─── Source material ───
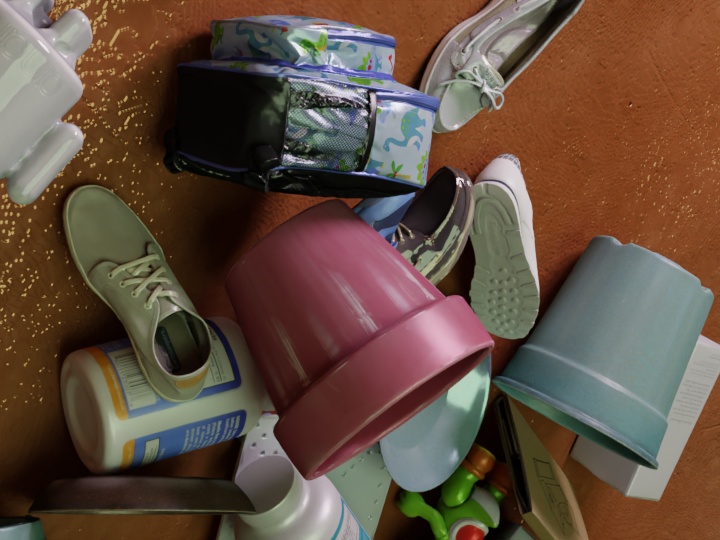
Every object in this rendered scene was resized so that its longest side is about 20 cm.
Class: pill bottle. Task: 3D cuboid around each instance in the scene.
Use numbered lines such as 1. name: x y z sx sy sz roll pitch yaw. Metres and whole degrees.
1. pill bottle: -0.053 0.269 1.308 0.111 0.111 0.201 -40 128 -13
2. pill bottle: -0.155 0.104 1.189 0.199 0.112 0.113 -13 119 -31

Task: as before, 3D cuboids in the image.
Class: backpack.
1. backpack: -0.037 -0.134 1.114 0.199 0.183 0.148 7 95 -36

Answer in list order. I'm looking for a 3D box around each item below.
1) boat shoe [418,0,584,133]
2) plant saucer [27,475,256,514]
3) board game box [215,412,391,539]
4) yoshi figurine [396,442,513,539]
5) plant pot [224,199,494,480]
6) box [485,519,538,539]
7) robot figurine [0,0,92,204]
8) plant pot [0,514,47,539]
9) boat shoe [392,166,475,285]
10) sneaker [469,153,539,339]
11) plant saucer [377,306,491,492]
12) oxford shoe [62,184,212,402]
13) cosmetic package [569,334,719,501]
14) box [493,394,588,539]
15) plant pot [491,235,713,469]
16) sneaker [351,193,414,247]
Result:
1. boat shoe: 0.134 -0.211 1.277 0.202 0.065 0.075 -46 130 -9
2. plant saucer: -0.191 0.200 1.176 0.199 0.199 0.032 10 75 -38
3. board game box: -0.059 0.237 1.377 0.199 0.026 0.201 5 108 -37
4. yoshi figurine: 0.090 0.291 1.484 0.201 0.112 0.112 -60 166 -12
5. plant pot: -0.016 0.049 1.129 0.199 0.180 0.200 -34 170 -7
6. box: 0.120 0.371 1.499 0.200 0.041 0.156 -50 175 -6
7. robot figurine: -0.286 -0.128 0.983 0.169 0.113 0.200 42 83 -2
8. plant pot: -0.324 0.279 1.118 0.199 0.200 0.135 -1 85 -35
9. boat shoe: 0.041 -0.015 1.298 0.073 0.074 0.201 27 94 -40
10. sneaker: 0.154 -0.021 1.375 0.081 0.076 0.201 -61 151 -51
11. plant saucer: 0.067 0.128 1.385 0.200 0.038 0.203 -17 113 -49
12. oxford shoe: -0.180 0.014 1.107 0.075 0.058 0.201 -27 86 -31
13. cosmetic package: 0.341 0.159 1.578 0.071 0.101 0.201 15 103 -40
14. box: 0.212 0.258 1.502 0.021 0.164 0.200 -25 131 14
15. plant pot: 0.274 0.081 1.448 0.200 0.200 0.197 34 82 -41
16. sneaker: 0.000 0.000 1.242 0.201 0.082 0.074 -55 168 20
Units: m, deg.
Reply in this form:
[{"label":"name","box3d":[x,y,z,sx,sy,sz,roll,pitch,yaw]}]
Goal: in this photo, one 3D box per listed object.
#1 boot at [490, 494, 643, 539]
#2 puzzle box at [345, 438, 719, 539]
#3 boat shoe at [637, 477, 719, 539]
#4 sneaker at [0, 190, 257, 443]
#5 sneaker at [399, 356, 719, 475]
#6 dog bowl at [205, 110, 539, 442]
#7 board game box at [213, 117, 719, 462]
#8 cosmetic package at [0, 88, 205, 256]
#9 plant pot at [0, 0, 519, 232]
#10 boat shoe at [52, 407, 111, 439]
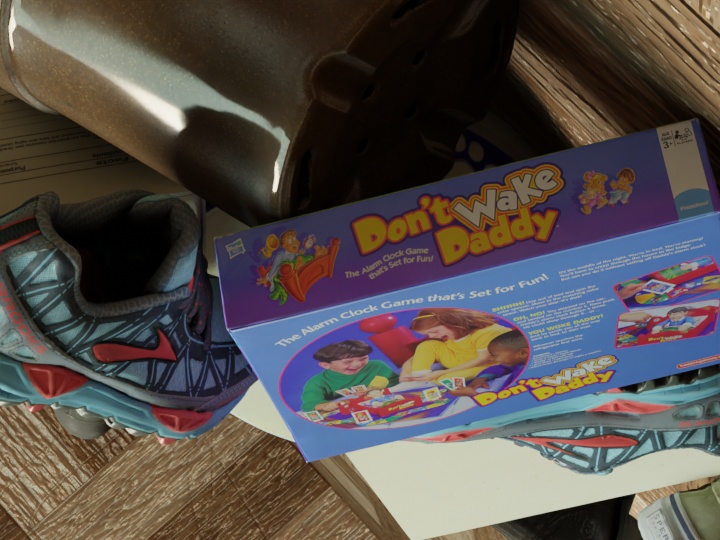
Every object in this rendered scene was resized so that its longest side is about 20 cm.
[{"label":"boot","box3d":[0.078,0.089,1.413,0.174,0.069,0.200,38,-157,-17]},{"label":"puzzle box","box3d":[0.084,0.064,1.237,0.133,0.200,0.025,56,-149,-36]},{"label":"boat shoe","box3d":[0.199,0.141,1.312,0.072,0.062,0.200,66,-165,16]},{"label":"sneaker","box3d":[-0.089,0.014,1.061,0.200,0.096,0.079,8,-131,-55]},{"label":"sneaker","box3d":[0.083,0.064,1.162,0.096,0.200,0.079,71,-159,-44]},{"label":"dog bowl","box3d":[0.000,0.000,1.264,0.200,0.200,0.079,56,-149,-38]},{"label":"board game box","box3d":[0.055,0.012,1.060,0.134,0.200,0.045,65,-167,-60]},{"label":"cosmetic package","box3d":[-0.148,-0.059,1.210,0.200,0.105,0.071,-116,22,-48]},{"label":"plant pot","box3d":[-0.054,-0.117,1.093,0.198,0.200,0.200,37,167,25]},{"label":"boat shoe","box3d":[-0.135,0.000,1.242,0.200,0.067,0.057,-95,7,-52]}]
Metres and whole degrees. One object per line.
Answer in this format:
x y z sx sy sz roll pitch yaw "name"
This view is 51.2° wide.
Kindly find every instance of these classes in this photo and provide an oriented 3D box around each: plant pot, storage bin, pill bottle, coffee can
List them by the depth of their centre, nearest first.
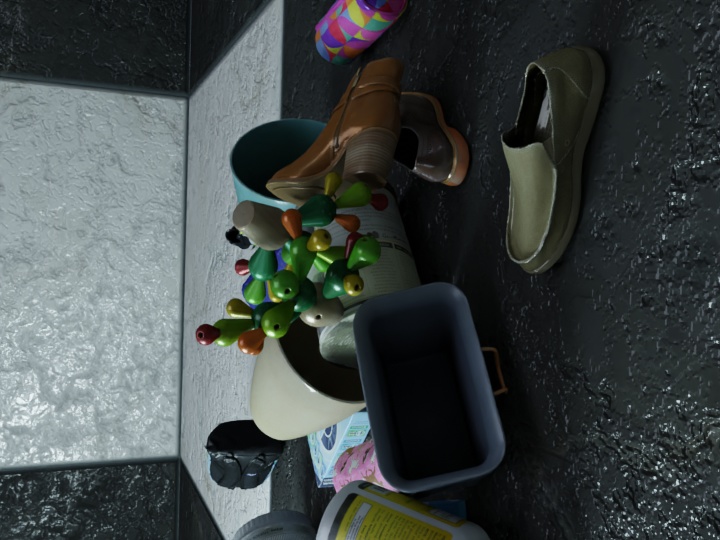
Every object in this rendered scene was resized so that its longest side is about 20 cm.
0.060 0.292 0.742 0.196 0.111 0.116 12 101 33 "pill bottle"
0.080 0.136 0.792 0.135 0.142 0.204 74 -177 -61 "storage bin"
0.000 0.000 0.959 0.147 0.143 0.203 118 146 -48 "coffee can"
-0.076 0.146 1.039 0.201 0.184 0.191 -50 42 40 "plant pot"
-0.099 -0.109 1.168 0.163 0.195 0.203 94 162 -44 "plant pot"

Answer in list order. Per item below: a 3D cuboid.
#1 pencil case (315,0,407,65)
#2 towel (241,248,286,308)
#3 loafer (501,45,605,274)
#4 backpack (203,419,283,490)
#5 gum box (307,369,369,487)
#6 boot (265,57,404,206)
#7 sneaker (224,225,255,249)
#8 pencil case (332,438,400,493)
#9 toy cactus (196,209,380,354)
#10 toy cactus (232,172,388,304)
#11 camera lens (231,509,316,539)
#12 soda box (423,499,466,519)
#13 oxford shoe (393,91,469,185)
-0.004 -0.367 1.075 0.199 0.086 0.091 159 111 -68 "pencil case"
-0.087 0.029 1.135 0.148 0.050 0.199 47 136 -3 "towel"
0.157 -0.097 0.669 0.076 0.066 0.205 -140 55 -63 "loafer"
-0.252 0.392 1.594 0.156 0.159 0.203 -100 16 -47 "backpack"
-0.040 0.210 1.183 0.202 0.043 0.172 112 151 -41 "gum box"
-0.026 -0.163 0.908 0.197 0.073 0.158 -7 64 39 "boot"
-0.278 -0.090 1.755 0.199 0.081 0.074 170 100 -68 "sneaker"
0.027 0.248 0.964 0.084 0.085 0.200 62 149 15 "pencil case"
-0.064 0.024 0.781 0.103 0.199 0.165 53 -174 20 "toy cactus"
-0.076 -0.044 0.828 0.198 0.164 0.104 -30 61 22 "toy cactus"
-0.127 0.524 1.235 0.202 0.156 0.162 -112 32 -45 "camera lens"
0.057 0.318 0.907 0.200 0.063 0.070 139 128 -62 "soda box"
0.061 -0.170 0.909 0.201 0.071 0.073 -122 39 -54 "oxford shoe"
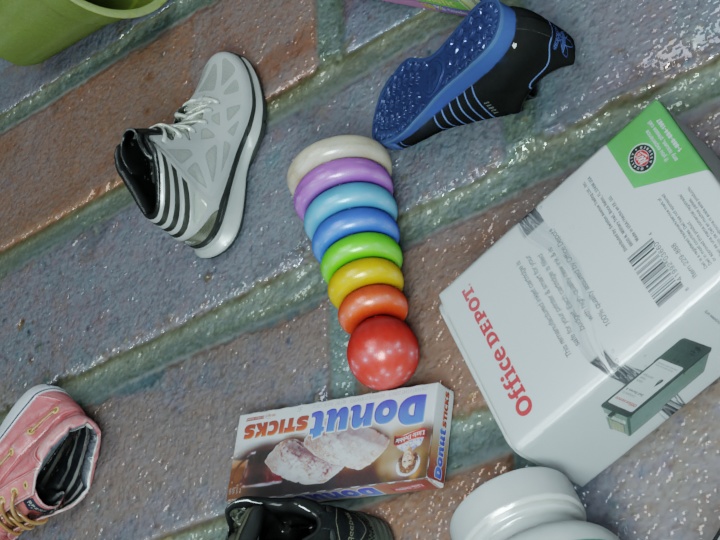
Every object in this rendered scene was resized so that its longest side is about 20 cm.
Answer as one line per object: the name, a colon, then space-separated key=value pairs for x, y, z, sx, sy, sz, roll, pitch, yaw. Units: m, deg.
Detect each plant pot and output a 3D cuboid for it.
plant pot: x=-0.315 y=-0.305 z=1.568 sx=0.189 sy=0.198 sz=0.202 roll=-30 pitch=48 yaw=45

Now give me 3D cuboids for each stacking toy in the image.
stacking toy: x=0.000 y=0.000 z=1.162 sx=0.085 sy=0.085 sz=0.202 roll=-30 pitch=55 yaw=27

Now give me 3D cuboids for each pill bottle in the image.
pill bottle: x=0.122 y=0.219 z=0.891 sx=0.113 sy=0.112 sz=0.201 roll=-40 pitch=45 yaw=19

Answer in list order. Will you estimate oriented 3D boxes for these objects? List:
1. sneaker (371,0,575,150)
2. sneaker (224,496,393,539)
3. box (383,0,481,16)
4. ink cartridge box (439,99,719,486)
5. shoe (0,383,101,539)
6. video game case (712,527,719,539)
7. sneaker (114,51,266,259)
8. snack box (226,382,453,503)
sneaker: x=0.082 y=-0.137 z=1.169 sx=0.200 sy=0.077 sz=0.071 roll=-31 pitch=48 yaw=56
sneaker: x=-0.083 y=0.216 z=1.088 sx=0.198 sy=0.114 sz=0.077 roll=-31 pitch=47 yaw=30
box: x=0.059 y=-0.328 z=1.271 sx=0.175 sy=0.096 sz=0.202 roll=20 pitch=81 yaw=47
ink cartridge box: x=0.165 y=0.016 z=0.985 sx=0.200 sy=0.084 sz=0.147 roll=-42 pitch=45 yaw=18
shoe: x=-0.301 y=0.199 z=1.330 sx=0.091 sy=0.071 sz=0.201 roll=25 pitch=81 yaw=53
video game case: x=0.231 y=0.214 z=0.766 sx=0.179 sy=0.026 sz=0.200 roll=17 pitch=51 yaw=35
sneaker: x=-0.148 y=-0.122 z=1.336 sx=0.075 sy=0.115 sz=0.203 roll=-17 pitch=56 yaw=36
snack box: x=-0.018 y=0.132 z=1.136 sx=0.198 sy=0.024 sz=0.073 roll=-13 pitch=58 yaw=39
───
## What you have to do
From the listing above, output exactly the run of lines that starts with the line containing "4) yoshi figurine [396,442,513,539]" and ends with the line containing "16) sneaker [351,193,414,247]".

## Task result
4) yoshi figurine [396,442,513,539]
5) plant pot [224,199,494,480]
6) box [485,519,538,539]
7) robot figurine [0,0,92,204]
8) plant pot [0,514,47,539]
9) boat shoe [392,166,475,285]
10) sneaker [469,153,539,339]
11) plant saucer [377,306,491,492]
12) oxford shoe [62,184,212,402]
13) cosmetic package [569,334,719,501]
14) box [493,394,588,539]
15) plant pot [491,235,713,469]
16) sneaker [351,193,414,247]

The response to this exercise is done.